The Court of Appeals first explained that defendant failed to raise the constitutional argument at trial, but that it would invoke Rule of Appellate Procedure 2 to consider his arguments. The court then moved to the substance of defendant’s argument, that applying G.S. 14-269.2(b) to defendant under the facts of his case violated his Second Amendment rights under the “historical tradition of firearm regulation” analysis required by New York State Rifle & Pistol Ass’n, Inc. v. Bruen, 597 U.S. 1 (2022). Slip Op. at 9. The court noted that the purpose of the open-air parking lot where defendant’s vehicle was located was “not educational in nature” as it was intended to serve the hospital and could not be considered an obvious sensitive place for purposes of Bruen. Id. at 10. The court also rejected that the hospital’s “affiliation” with UNC made it qualify as a sensitive place under Bruen. Id. at 12. Under these facts, the court held that applying G.S. 14-269.2(b) to defendant would be unconstitutional, regardless of the various signs and administrative links between the hospital and the educational campus.
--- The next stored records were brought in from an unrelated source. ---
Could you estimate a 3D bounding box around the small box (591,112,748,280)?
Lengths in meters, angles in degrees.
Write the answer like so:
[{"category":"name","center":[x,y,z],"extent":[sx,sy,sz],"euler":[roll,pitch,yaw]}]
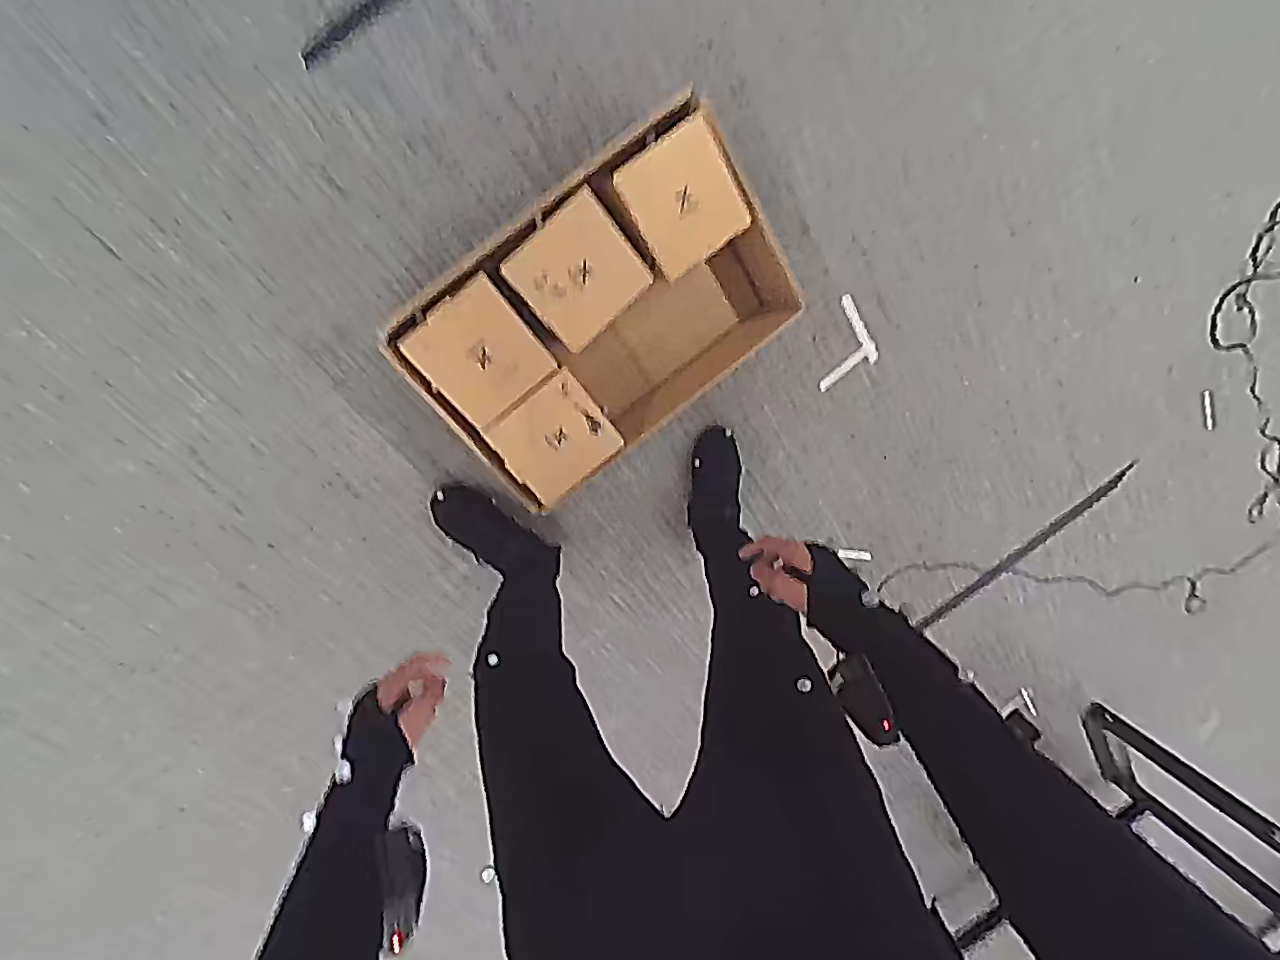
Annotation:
[{"category":"small box","center":[0.041,-0.453,0.889],"extent":[0.168,0.176,0.179],"euler":[-37,119,1]}]
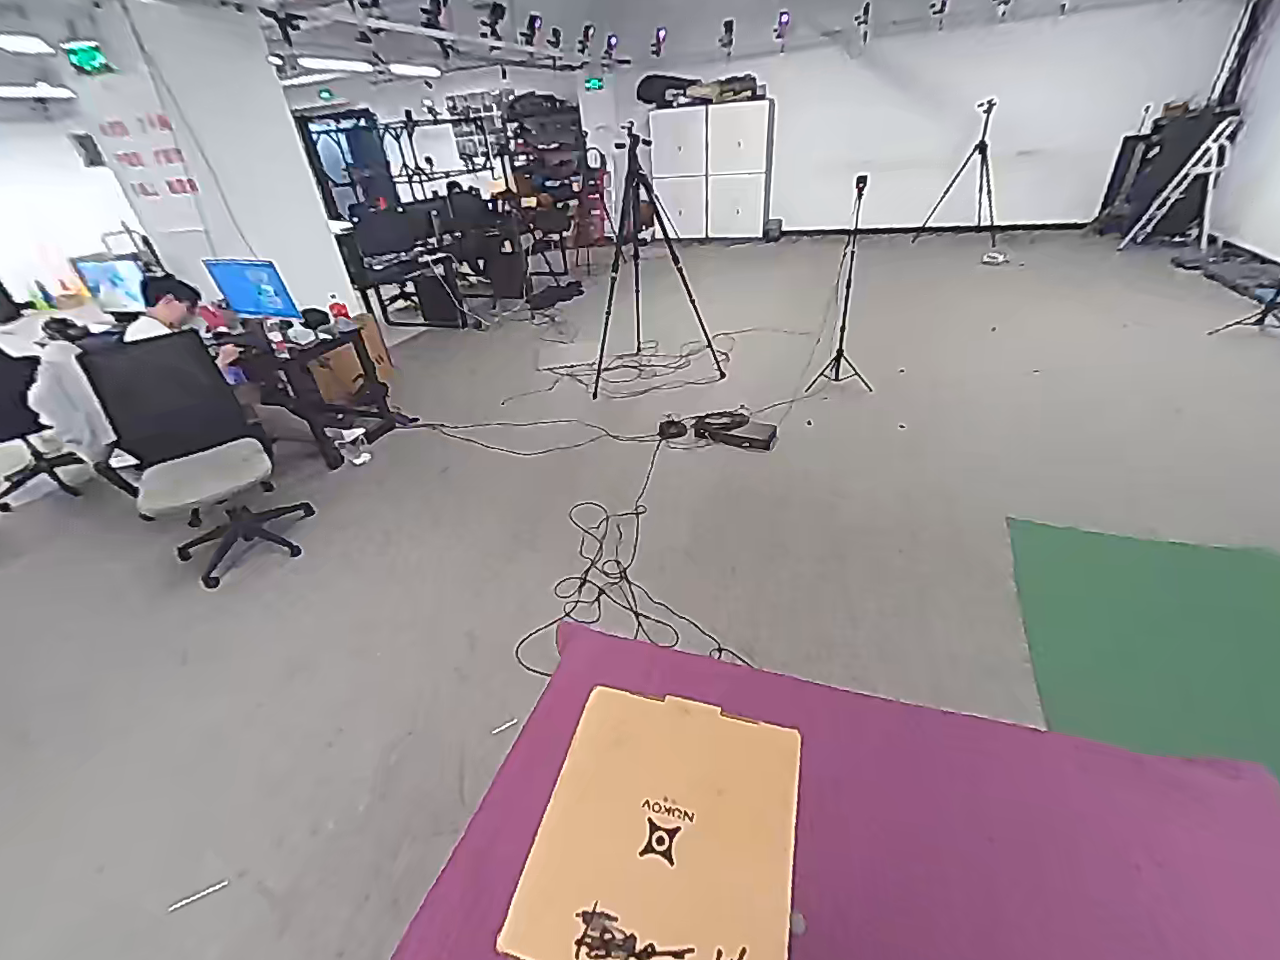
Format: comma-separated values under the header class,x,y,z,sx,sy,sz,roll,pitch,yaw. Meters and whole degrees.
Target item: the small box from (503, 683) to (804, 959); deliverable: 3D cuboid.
class,x,y,z,sx,sy,sz,roll,pitch,yaw
small box,0.026,0.290,0.406,0.168,0.176,0.179,6,39,17
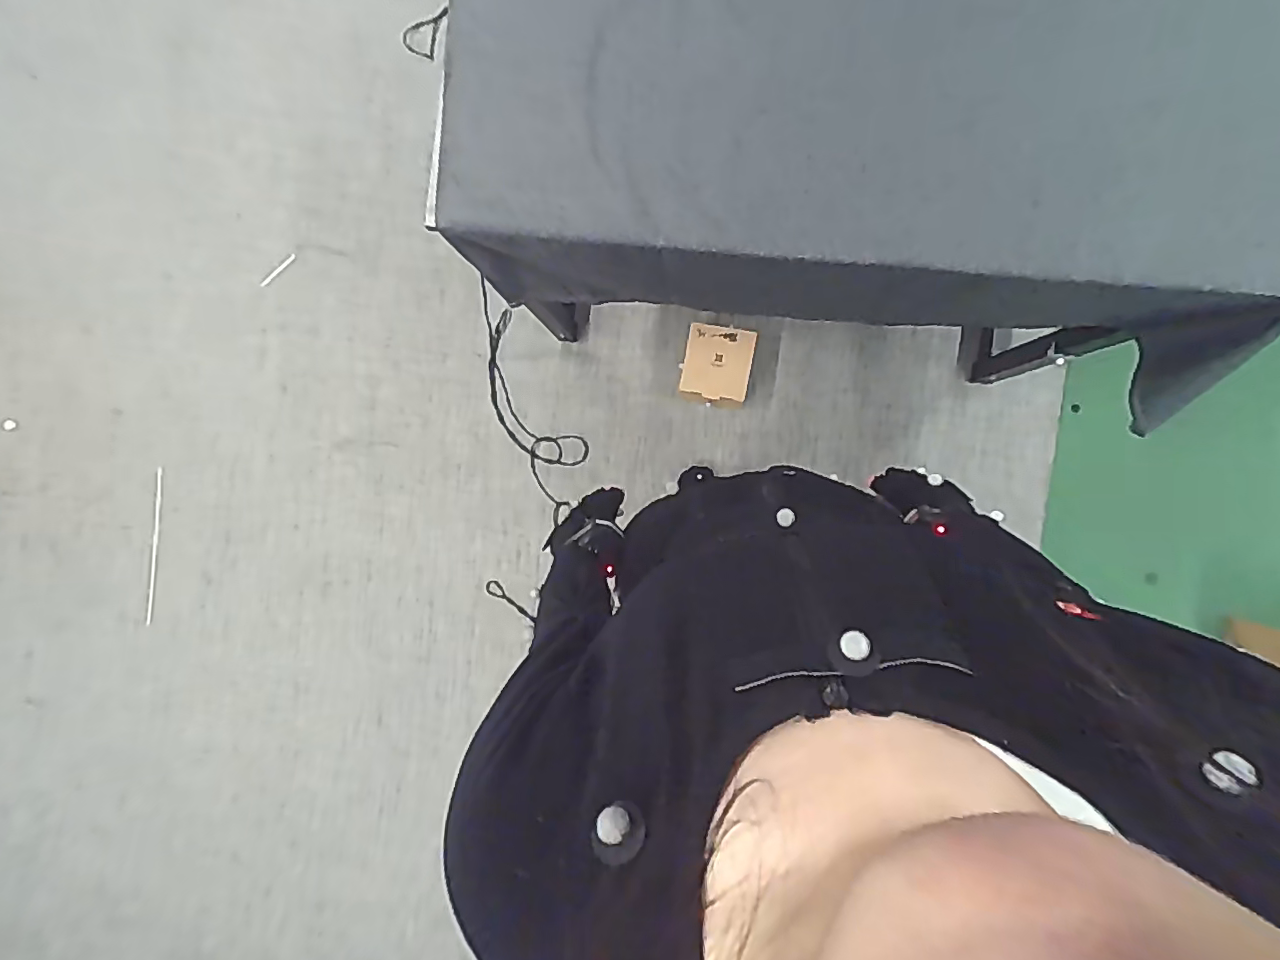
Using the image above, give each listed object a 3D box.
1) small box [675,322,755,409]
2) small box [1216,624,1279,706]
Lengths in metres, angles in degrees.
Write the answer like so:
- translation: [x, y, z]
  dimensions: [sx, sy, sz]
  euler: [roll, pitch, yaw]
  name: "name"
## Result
- translation: [0.191, -0.285, 1.392]
  dimensions: [0.168, 0.176, 0.179]
  euler: [11, 91, 5]
  name: "small box"
- translation: [1.560, 0.460, 1.286]
  dimensions: [0.179, 0.176, 0.168]
  euler: [18, 91, 6]
  name: "small box"
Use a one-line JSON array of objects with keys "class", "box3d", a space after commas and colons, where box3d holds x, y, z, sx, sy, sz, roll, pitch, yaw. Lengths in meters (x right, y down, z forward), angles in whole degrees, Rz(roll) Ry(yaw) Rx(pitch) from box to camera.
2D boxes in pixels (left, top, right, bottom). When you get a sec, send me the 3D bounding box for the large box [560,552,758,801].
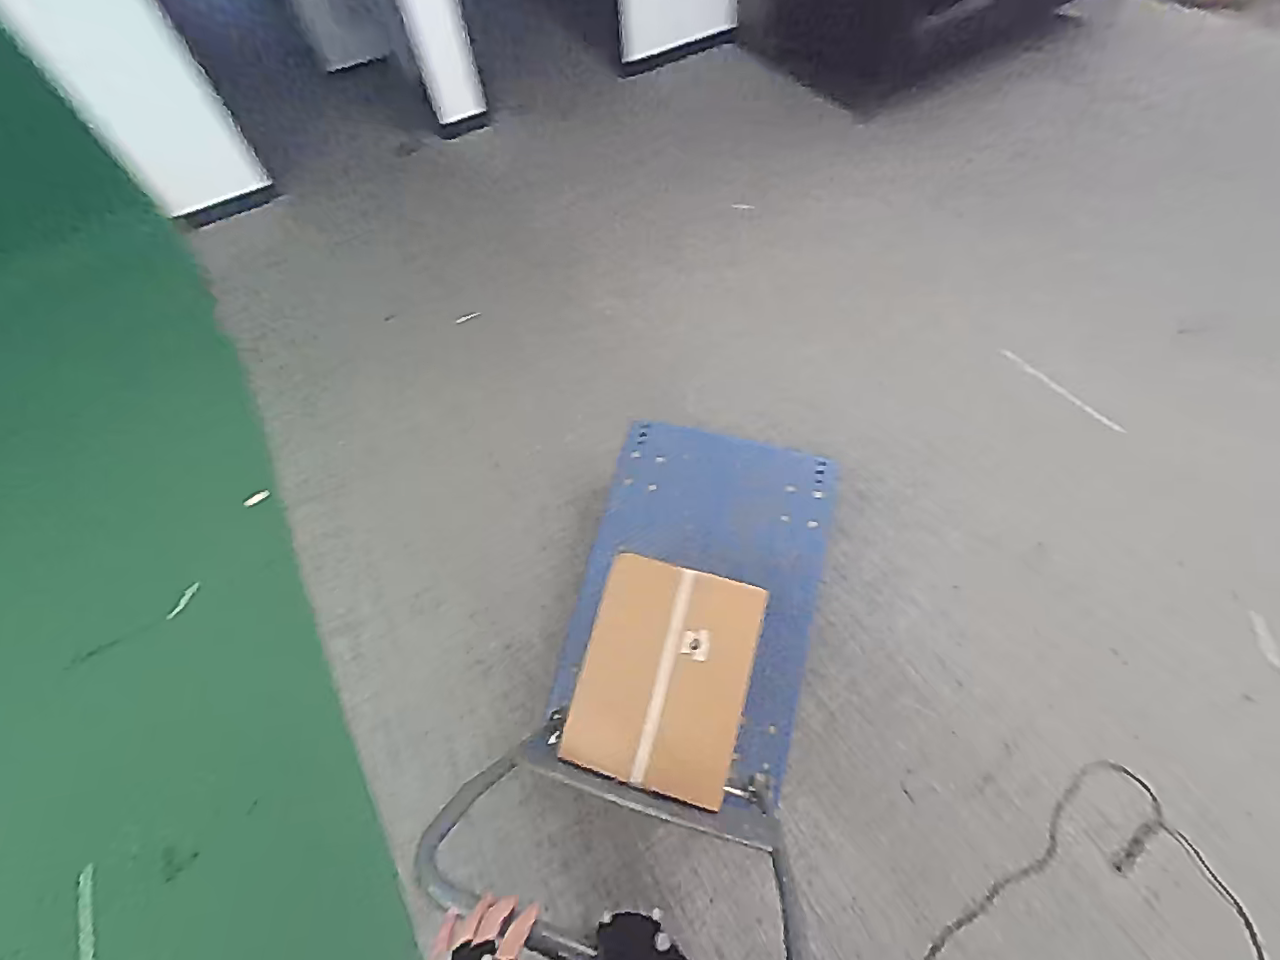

The court then moved to defendant’s motion to dismiss, considering whether evidence supported that defendant was on educational property and whether he knew he was on educational property. Considering the first issue, the court held “Defendant’s car was located on the UNC Chapel Hill Campus.” Id. at 15. However, the majority opinion held that the State did not present sufficient evidence of defendant’s knowledge he was on educational property. To support this holding, the court looked to the arresting officer’s testimony, concluding “[t]he State failed to present any evidence, direct or circumstantial, as to which path Defendant took, what signs he saw, or any other indication of personal knowledge that he was on educational property.” Id. at 21.

Chief Judge Dillon concurred by separate opinion as to the Second Amendment holding, but did not agree with the majority’s holding regarding insufficient evidence that defendant knew he was on educational property.